It seems that it is no a simple way to do it. But you can to create function with security definer option to achieve the desired behavior:
create or replace function fn_create_role(p_name text, p_password text, p_databases text[]) returns void
language plpgsql
security definer
as $$
begin
execute format('create role %I with login password %L;', p_name, p_password);
execute format('grant connect on database %s to %I', array_to_string(p_databases, ','), p_name);
return;
end $$;
Create this function as superuser.
Then you could to create the role with NOCREATEROLE option but grant to it the EXECUTE privilege to this function and use it to create another roles.
Note: you need to revoke connect option from public role for particular DBs to disallow roles connect to them by default, for example:
revoke connect on database db1, db2 from public;
Test it:
As superuser (nd in my case who also owns the schema with same name)

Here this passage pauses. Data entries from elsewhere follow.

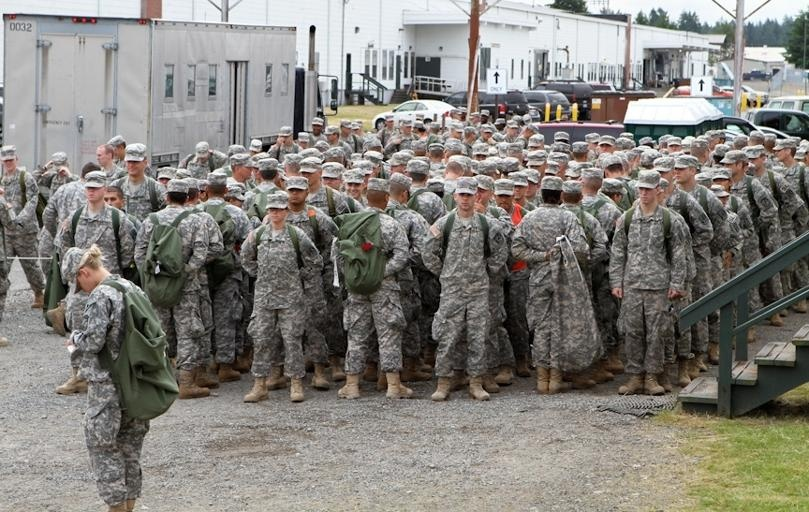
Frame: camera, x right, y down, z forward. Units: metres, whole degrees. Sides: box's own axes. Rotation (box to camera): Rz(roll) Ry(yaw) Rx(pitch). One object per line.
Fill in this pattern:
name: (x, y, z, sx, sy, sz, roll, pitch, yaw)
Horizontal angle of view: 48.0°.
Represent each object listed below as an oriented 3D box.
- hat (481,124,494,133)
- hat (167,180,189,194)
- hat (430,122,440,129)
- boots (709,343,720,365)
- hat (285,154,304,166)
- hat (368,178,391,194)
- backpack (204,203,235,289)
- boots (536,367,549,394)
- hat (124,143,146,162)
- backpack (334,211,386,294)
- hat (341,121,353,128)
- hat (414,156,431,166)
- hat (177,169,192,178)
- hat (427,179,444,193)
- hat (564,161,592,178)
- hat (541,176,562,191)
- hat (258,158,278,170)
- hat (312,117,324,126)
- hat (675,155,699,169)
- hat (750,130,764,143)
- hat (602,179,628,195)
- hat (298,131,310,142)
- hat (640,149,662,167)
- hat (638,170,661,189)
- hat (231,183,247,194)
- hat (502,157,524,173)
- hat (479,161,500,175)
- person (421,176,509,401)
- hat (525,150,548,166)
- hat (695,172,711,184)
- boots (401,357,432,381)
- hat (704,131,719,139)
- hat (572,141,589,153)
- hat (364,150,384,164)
hat: (1.955, -2.961, 21.207, 0.371, 0.162, 0.499, 2, 2, 0)
hat: (-2.862, -0.873, 11.510, 0.184, 0.110, 0.186, 4, 5, 32)
hat: (0.795, -3.253, 22.697, 0.271, 0.141, 0.264, 1, 5, -3)
boots: (4.422, 1.399, 12.981, 0.103, 0.266, 0.157, 0, 12, 6)
hat: (-1.564, -1.358, 12.935, 0.276, 0.130, 0.363, 1, 3, -5)
hat: (-0.297, -0.894, 11.628, 0.212, 0.122, 0.205, 5, 4, -37)
backpack: (-2.435, -0.120, 12.089, 0.414, 1.110, 0.639, -4, 12, -11)
boots: (1.803, 1.609, 11.768, 0.179, 0.341, 0.123, 4, 13, 25)
hat: (-3.809, -1.468, 12.971, 0.254, 0.174, 0.329, 0, 0, 0)
backpack: (-0.570, -0.051, 11.371, 0.752, 0.949, 0.427, 0, -4, 30)
hat: (-1.414, -3.187, 22.013, 0.202, 0.123, 0.258, 0, 2, -32)
hat: (0.262, -1.327, 12.731, 0.177, 0.056, 0.127, 9, 1, -4)
hat: (-3.334, -1.234, 13.720, 0.245, 0.148, 0.253, 1, 5, -14)
hat: (0.441, -0.963, 12.637, 0.218, 0.146, 0.291, 0, 1, 2)
hat: (2.464, -1.202, 12.753, 0.321, 0.144, 0.504, 1, 8, 17)
hat: (1.921, -0.930, 11.773, 0.266, 0.187, 0.189, 1, 12, 7)
hat: (-1.963, -1.318, 13.105, 0.274, 0.167, 0.394, -3, 12, -8)
hat: (-2.068, -3.219, 21.835, 0.251, 0.116, 0.342, 4, 4, 2)
hat: (3.898, -1.288, 12.499, 0.401, 0.177, 0.251, -10, 15, -34)
hat: (6.614, -2.213, 17.007, 0.262, 0.289, 0.320, 3, 11, 8)
hat: (2.944, -0.957, 12.622, 0.283, 0.130, 0.201, -8, 14, -38)
hat: (-2.097, -2.516, 19.016, 0.267, 0.178, 0.336, 2, 1, -5)
hat: (3.891, -1.533, 14.396, 0.341, 0.347, 0.461, 0, -1, 6)
hat: (3.053, -0.940, 11.320, 0.254, 0.218, 0.222, 2, 12, 12)
hat: (-2.330, -0.945, 12.762, 0.215, 0.087, 0.297, 2, 1, -2)
hat: (1.690, -1.415, 14.187, 0.429, 0.169, 0.602, 2, 17, 4)
hat: (1.264, -1.277, 13.387, 0.217, 0.130, 0.273, 6, 13, 21)
person: (0.769, 0.439, 11.532, 0.999, 2.835, 0.602, -1, 12, 0)
hat: (2.081, -1.501, 14.156, 0.281, 0.248, 0.334, 1, 12, 9)
hat: (4.287, -1.097, 13.022, 0.316, 0.161, 0.187, -11, 16, -39)
boots: (0.106, 1.586, 12.679, 0.584, 0.390, 0.196, -2, 5, -14)
hat: (6.210, -2.446, 18.291, 0.364, 0.150, 0.460, 0, 6, 8)
hat: (2.919, -1.777, 14.975, 0.222, 0.146, 0.285, 0, -5, 11)
hat: (-0.486, -1.548, 14.227, 0.217, 0.148, 0.274, 2, 0, 7)

postgres=# create database db1; create database db2;
CREATE DATABASE
CREATE DATABASE
postgres=# revoke connect on database db1, db2 from public;
REVOKE
postgres=# create role foo with login password 'bar' nocreatedb nocreaterole;
CREATE ROLE
postgres=# set role foo;
SET
postgres=> create role win with login password 'amp' nocreatedb nocreaterole;
ERROR: permission denied to create role
postgres=> set role nd;
SET
postgres=# grant usage on schema nd to foo;
GRANT
postgres=# grant execute on function nd.fn_create_role(text, text, text[]) to foo;
GRANT
postgres=# set role foo;
SET
postgres=> select nd.fn_create_role('win', 'amp', '{db1}');
┌────────────────┐
│ fn_create_role │
╞════════════════╡
│ │
└────────────────┘
(1 row)
And in terminal:
$ psql -h localhost -d db1 -U win
Password for user win:
psql (9.6.3)
SSL connection (protocol: TLSv1.2, cipher: ECDHE-RSA-AES256-GCM-SHA384, bits: 256, compression: off)
Type "help" for help.
win@db1=> \q
$ psql -h localhost -d db2 -U win
Password for user win:
psql: FATAL: permission denied for database "db2"
DETAIL: User does not have CONNECT privilege.